In one of our later advanced legal research and writing class of the term, we turned our attention from traditional primary and secondary material to alternative or less-expected legal research resources. I posted earlier on the portion of the class in which we learned strategies to mine Twitter for legal research. The other broad angle we looked at addressed strategies and tools to assist in finding helpful secondary resources in legal blogs and other open web information sources.
Legal research in blogs
I think it’s fair to suggest legal blogs are so widespread and well-known that they may be more expected and less alternative than, for example, Twitter. To use the legal blogs and open web content as legitimate secondary (and sometimes primary) resources though, we can’t neglect the fundamentals of a good legal research process. Critical evaluation of information in blogs and efficient strategies to access useful information are core elements of the process, and they incorporate some attention beyond random googling or even morning reads of the RSS feed.

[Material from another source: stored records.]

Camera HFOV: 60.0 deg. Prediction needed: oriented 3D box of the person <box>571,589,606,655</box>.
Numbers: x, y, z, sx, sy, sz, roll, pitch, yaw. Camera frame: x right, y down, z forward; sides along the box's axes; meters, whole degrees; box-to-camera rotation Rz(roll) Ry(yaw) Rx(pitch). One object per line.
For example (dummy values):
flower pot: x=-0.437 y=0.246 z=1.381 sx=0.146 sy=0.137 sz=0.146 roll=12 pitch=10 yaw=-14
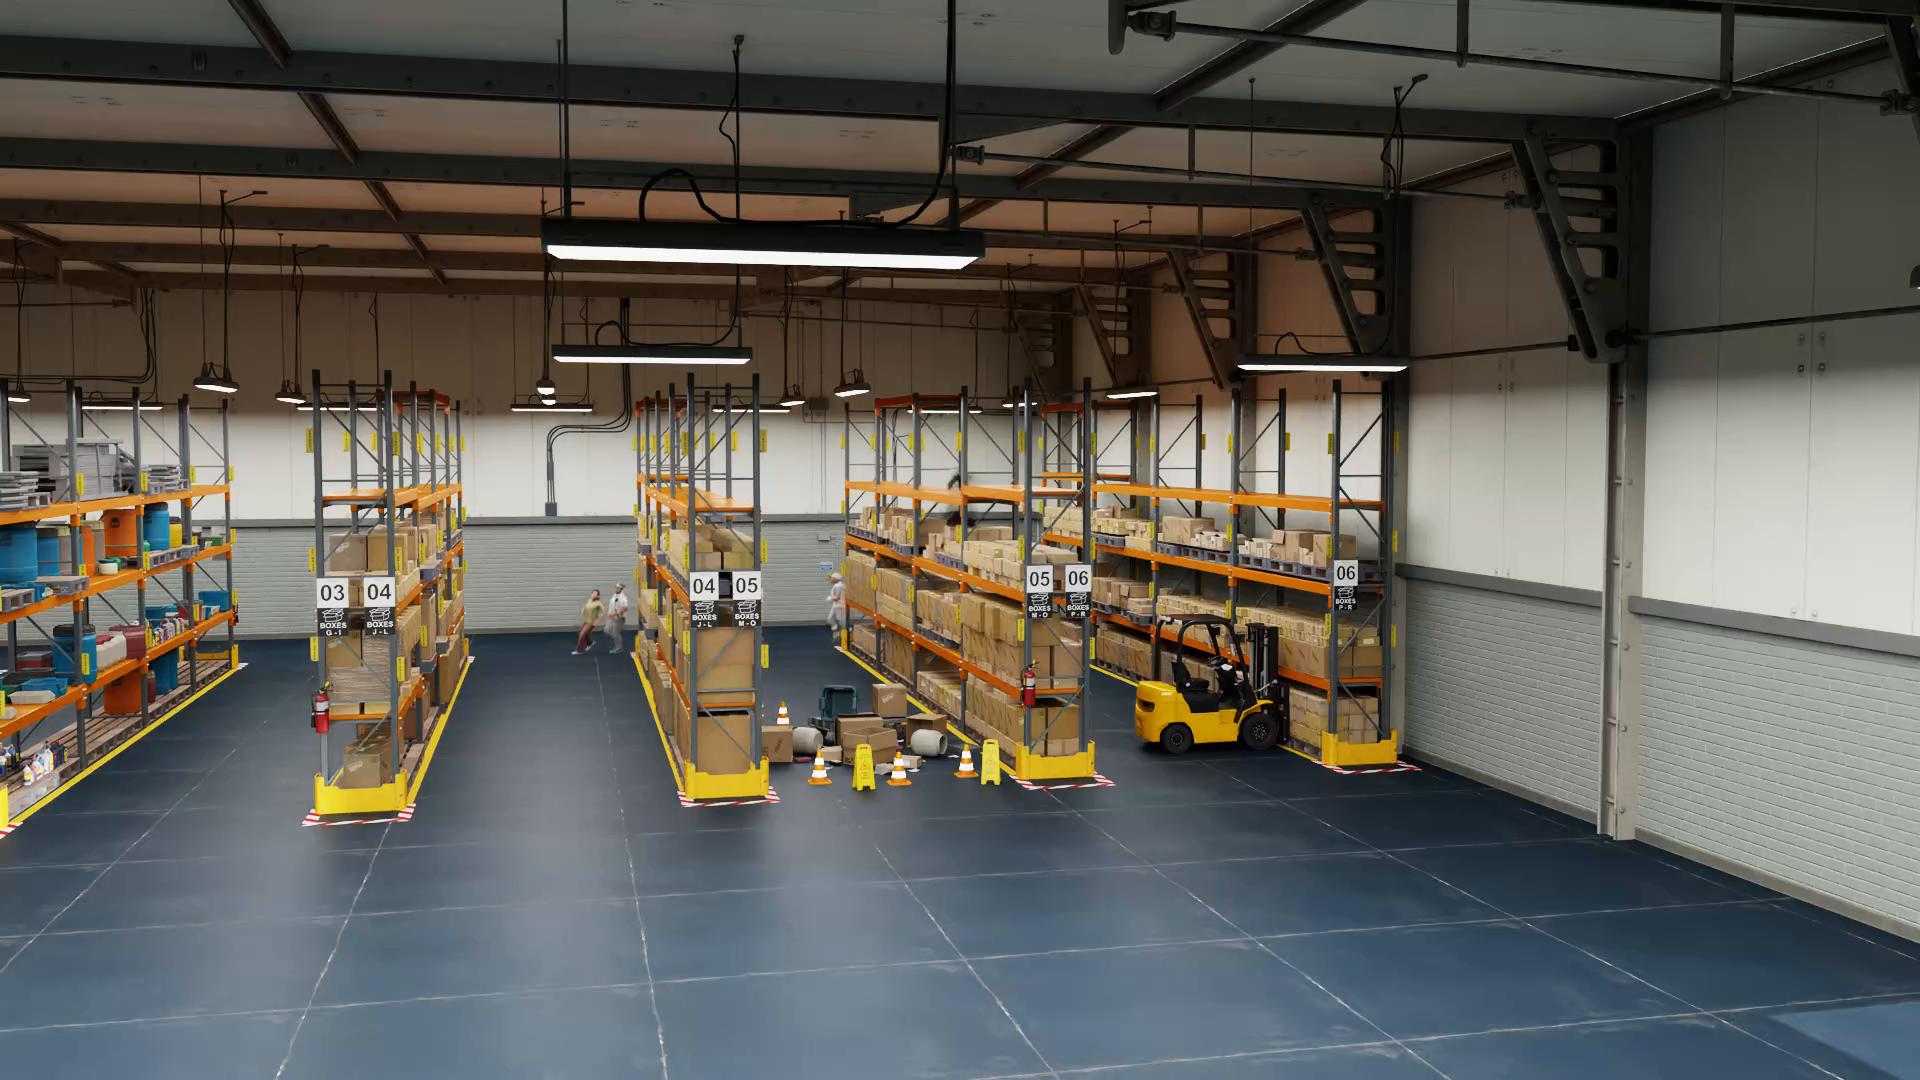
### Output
person: x=-8.729 y=1.933 z=39.474 sx=0.762 sy=1.565 sz=0.698 roll=1 pitch=4 yaw=22

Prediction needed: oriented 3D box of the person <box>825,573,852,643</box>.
person: x=-3.014 y=1.723 z=41.661 sx=0.741 sy=1.819 sz=0.684 roll=-1 pitch=3 yaw=-9

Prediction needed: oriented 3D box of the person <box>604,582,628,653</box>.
person: x=-8.205 y=1.849 z=39.665 sx=0.722 sy=1.722 sz=0.568 roll=3 pitch=4 yaw=41

We discussed searching legal blogs for secondary information on specific legal topics, and we executed a few sample searches: one with the phrase “curative proviso,”, and another with the phrase “Rand Formula” and the added keyword Bernard: These targeted commentary on recent Supreme Court of Canada decisions we had decided, in our example, we wanted to know more about.
Legal blog-specific and blog-specific search tools
We tried the custom search tool at lawblogs.ca: We found the search successfully pulled a good variety of blog posts limited to the keywords we searched. Because the results list was extensive, we refined our search to limit by date range feature but had a bit of trouble excluding older posts. Nonetheless, the relevancy ranking seemed to promote the new articles, and we also re-sorted by date to display the most recent posts on top.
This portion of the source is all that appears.